A medida que se intensifica la amenaza a la que Ani se enfrenta, y mientras Anora se convierte en una persecución desenfrenada y aderezada de una sinfonía de gritos, Baker exhibe de forma cada vez más imponente su habilidad única en el manejo de diferentes formas de comedia, de la de enredo a la del absurdo pasando por el ‘slapstick’ y la orquestación del caos. Entre toda esa confusión, eso sí, el director en ningún momento deja de prestar atención a la sucesión de miradas intercambiadas y gestos casuales que nos cuenta muchas cosas acerca de los personajes, todos ellos utilizados y despreciados por aquellos que ostentan el poder y el dinero. El trío de matones son, por encima de todo, trabajadores precarios que hacen lo posible para no ser despedidos. Ani, por su parte, ha roto esa regla de oro en su oficio según la que está prohibido creer en las fantasías, y poco a poco empieza a despertarse del sueño.

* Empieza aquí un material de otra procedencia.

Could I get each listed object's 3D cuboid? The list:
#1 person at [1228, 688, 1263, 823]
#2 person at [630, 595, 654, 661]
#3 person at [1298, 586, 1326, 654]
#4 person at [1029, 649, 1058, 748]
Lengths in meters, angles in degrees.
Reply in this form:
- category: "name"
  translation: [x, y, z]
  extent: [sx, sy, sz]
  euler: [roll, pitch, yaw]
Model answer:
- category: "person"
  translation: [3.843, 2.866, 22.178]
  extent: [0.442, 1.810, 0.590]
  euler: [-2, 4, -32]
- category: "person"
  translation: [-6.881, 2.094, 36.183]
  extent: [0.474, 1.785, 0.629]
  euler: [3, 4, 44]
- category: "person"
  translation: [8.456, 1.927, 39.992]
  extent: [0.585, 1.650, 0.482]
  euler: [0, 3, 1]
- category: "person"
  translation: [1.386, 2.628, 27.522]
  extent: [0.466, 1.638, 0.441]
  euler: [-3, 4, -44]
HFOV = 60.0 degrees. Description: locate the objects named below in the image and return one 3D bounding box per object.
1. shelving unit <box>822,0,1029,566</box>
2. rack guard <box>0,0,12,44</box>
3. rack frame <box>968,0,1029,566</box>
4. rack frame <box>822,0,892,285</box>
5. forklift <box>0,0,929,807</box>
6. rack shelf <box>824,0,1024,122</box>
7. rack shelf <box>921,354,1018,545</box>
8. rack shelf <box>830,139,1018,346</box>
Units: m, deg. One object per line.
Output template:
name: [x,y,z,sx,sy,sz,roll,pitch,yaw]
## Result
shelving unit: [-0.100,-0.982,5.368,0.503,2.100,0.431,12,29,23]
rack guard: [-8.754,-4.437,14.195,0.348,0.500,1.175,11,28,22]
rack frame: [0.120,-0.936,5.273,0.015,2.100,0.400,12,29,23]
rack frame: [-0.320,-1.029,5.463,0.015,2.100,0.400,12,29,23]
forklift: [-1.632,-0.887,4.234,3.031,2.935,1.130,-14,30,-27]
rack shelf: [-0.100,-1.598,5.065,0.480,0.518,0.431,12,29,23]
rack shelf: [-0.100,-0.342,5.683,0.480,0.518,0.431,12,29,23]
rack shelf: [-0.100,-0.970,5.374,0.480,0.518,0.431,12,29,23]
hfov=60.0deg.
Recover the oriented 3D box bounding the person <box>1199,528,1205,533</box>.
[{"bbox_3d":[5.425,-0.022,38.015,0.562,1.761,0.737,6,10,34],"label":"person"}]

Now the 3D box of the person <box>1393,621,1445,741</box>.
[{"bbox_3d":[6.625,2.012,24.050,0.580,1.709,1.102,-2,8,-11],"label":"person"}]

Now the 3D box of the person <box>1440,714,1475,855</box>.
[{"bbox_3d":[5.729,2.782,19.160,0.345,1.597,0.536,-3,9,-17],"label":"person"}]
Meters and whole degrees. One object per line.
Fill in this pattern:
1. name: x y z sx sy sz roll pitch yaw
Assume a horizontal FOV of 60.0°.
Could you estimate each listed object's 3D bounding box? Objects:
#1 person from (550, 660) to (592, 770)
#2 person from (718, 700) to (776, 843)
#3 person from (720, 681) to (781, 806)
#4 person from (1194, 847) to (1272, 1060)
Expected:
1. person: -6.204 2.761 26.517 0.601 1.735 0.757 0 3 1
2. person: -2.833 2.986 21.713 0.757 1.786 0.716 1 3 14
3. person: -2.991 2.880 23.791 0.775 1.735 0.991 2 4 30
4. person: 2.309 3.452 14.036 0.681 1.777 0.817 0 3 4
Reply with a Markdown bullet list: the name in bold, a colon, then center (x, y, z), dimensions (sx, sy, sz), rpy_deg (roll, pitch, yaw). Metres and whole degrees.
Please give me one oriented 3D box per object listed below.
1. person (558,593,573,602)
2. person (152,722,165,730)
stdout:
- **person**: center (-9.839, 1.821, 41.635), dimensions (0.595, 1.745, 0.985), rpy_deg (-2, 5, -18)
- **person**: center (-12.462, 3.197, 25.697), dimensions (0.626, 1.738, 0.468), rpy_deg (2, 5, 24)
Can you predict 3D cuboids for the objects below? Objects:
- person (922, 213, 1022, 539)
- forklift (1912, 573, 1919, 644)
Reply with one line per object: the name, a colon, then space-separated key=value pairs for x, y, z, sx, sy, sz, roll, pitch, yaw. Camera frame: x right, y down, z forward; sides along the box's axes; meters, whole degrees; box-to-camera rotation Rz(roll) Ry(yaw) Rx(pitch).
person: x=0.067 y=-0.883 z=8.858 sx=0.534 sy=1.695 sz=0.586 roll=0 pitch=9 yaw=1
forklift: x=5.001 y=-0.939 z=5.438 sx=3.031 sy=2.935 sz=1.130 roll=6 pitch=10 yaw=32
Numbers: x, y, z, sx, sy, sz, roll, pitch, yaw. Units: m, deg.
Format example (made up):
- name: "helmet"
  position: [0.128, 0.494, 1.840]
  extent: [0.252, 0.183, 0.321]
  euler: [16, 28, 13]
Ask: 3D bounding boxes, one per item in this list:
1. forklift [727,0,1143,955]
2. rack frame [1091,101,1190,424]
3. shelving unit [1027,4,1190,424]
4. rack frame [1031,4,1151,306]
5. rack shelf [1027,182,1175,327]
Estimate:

El personaje podría fácilmente haber caído en el estereotipo de la prostituta con el corazón de oro, o en el de la oportunista sin escrúpulos, o en el de la damisela en apuros, pero Ani es mucho más compleja, una mujer que derrocha una ferocidad que es genuina pero también una máscara tras la que se ocultan altas dosis de frustración, desesperación y fragilidad. La interpreta la actriz Mikey Madison, hasta ahora conocida sobre todo por su papel de asesina en el ‘reboot’ Scream (2022) y por su participación en Érase una vez en Hollywood (2019) en la piel de una de las chicas Manson -esa a la que Leonardo DiCaprio quema con su lanzallamas, para más señas-; resulta impensable que no obtenga una nominación al Oscar por el trabajo que ofrece aquí.
En los últimos compases de un viaje a lo largo del que ha sido indultada, maltratada y humillada sistemáticamente, en cuanto dejan de funcionarle los mecanismos de defensa, Ani comprende que todo aquello acerca de lo que había tratado de convencerse a sí misma es una ilusión, y que carece por completo de control sobre su vida. Su periplo acaba con una escena de sexo, de largo la más triste de todas las que la película incluye; un momento de conexión carnal mucho más desesperado que gozoso, que no es fruto de un arrebato pasional sino de la conmiseración mutua, y que no transmite ni sentimiento romántico ni liberación catártica sino la aflicción que comparten dos personas explotadas, ambas valoradas solo por sus cuerpos y lo que pueden ofrecer físicamente. No, Anora no es Pretty Woman, y por tanto no tiene un final de cuento de hadas. El príncipe azul de Ani resultó ser tan irreal como las fantasías amorosas que ella ofrece a sus clientes. O como la comedia romántica que Anora primero nos promete mete y luego nos niega.